Indeed, even Pfizer’s one blockbuster drug, Lyrica, traces its roots to Warner-Lambert. Other Pfizer best-sellers include arthritis treatment Celebrex, overactive bladder medication Detrol and cancer compound Sutent, all of which came out of the purchase of Pharmacia in 2003.

Sutent, Detrol, Celebrex and Lyrica are all performing relatively well for Pfizer – particularly the pain medication Lyrica, which showed a sales increase of more than 40 percent last year, launching it into the No. 2 position among the company’s top sellers.

But several other drugs counted on to help shoulder the burden of Lipitor’s loss showed weakness, and Pfizer’s older pharmaceutical pipeline is beginning to show cracks.

”Pfizer is in the most desperate state of anyone in the industry in terms of patent expirations,” Standard & Poor’s analyst Herman Saftlas told Business Week magazine.

As an example, blood pressure medication Norvasc, which once accounted for 10 percent of Pfizer’s bottom line, lost a quarter of its sales last year compared to the year before after facing generic competition for the first time in 2007. And cancer compound Camptosar, which went off patent last year, saw 42 percent of its sales dry up last year.
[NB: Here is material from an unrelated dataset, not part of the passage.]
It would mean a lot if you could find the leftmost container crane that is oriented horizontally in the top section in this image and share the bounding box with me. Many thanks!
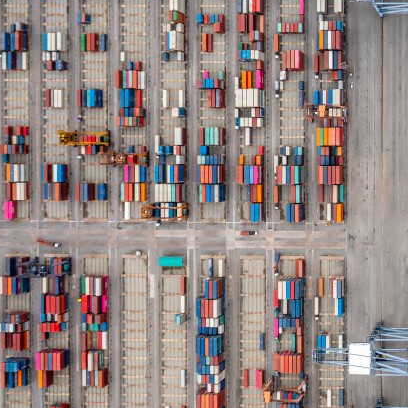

Other negative performers last year included Chantix, the once-ballyhooed anti-smoking drug that lost its luster in the United States after it was tied to concerns about suicidal thoughts; pain medication Neurontin, which got bad press when Pfizer was accused of suppressing studies showing the drug didn’t help with diabetic nerve pain; and Diflucan, an older anti-fungal drug whose patents expired some time ago.

Pfizer also lost more than $250 million in sales with the patent expiration of Zyrtec, an allergy medication.

On the plus side, psychiatric medication Geodon and antibiotic Zyvox reached $1 billion in sales last year, while erectile dysfunction pill Viagra, still going strong after 10 years on the market, neared the $2 billion mark. But Pfizer’s biggest rising star, on a percentage basis, was cancer drug Sutent, which finished with nearly $850 million in sales, 46 percent more than last year.

Pfizer will need more compounds like Sutent, a chemotherapy drug expected to gain more traction with an aging population of baby boomers. But analysts said there appear to be few if any blockbusters in Pfizer’s pipeline to make a dent in the loss of Lipitor – a situation that caused Forbes.com to headline an article on the Wyeth deal “Big Pharma’s Death Spiral.”

”It’s not necessarily a death spiral, but you have to have new drugs,” said analyst Funtleyder.

Pfizer seems to be staking its biggest hopes on Alzheimer’s disease medicines, including bapineuzumab, which Wyeth has partnered with Elan Pharmaceuticals on and is currently in late-stage trials. It’s unclear, however, whether the partnership will continue once Pfizer takes over Wyeth.

Pfizer has its own Alzheimer’s pipeline, but its current top medication, Aricept, loses patent protection at the end of next year. Pfizer had five Alzheimer’s drugs in development, but its acquisition of Wyeth would triple that total.

”If Wyeth delivers on Alzheimer’s, it will be all worthwhile,” said Funtleyder. “Who knows? Maybe drug development will go into an up cycle, and it will be good to be big.”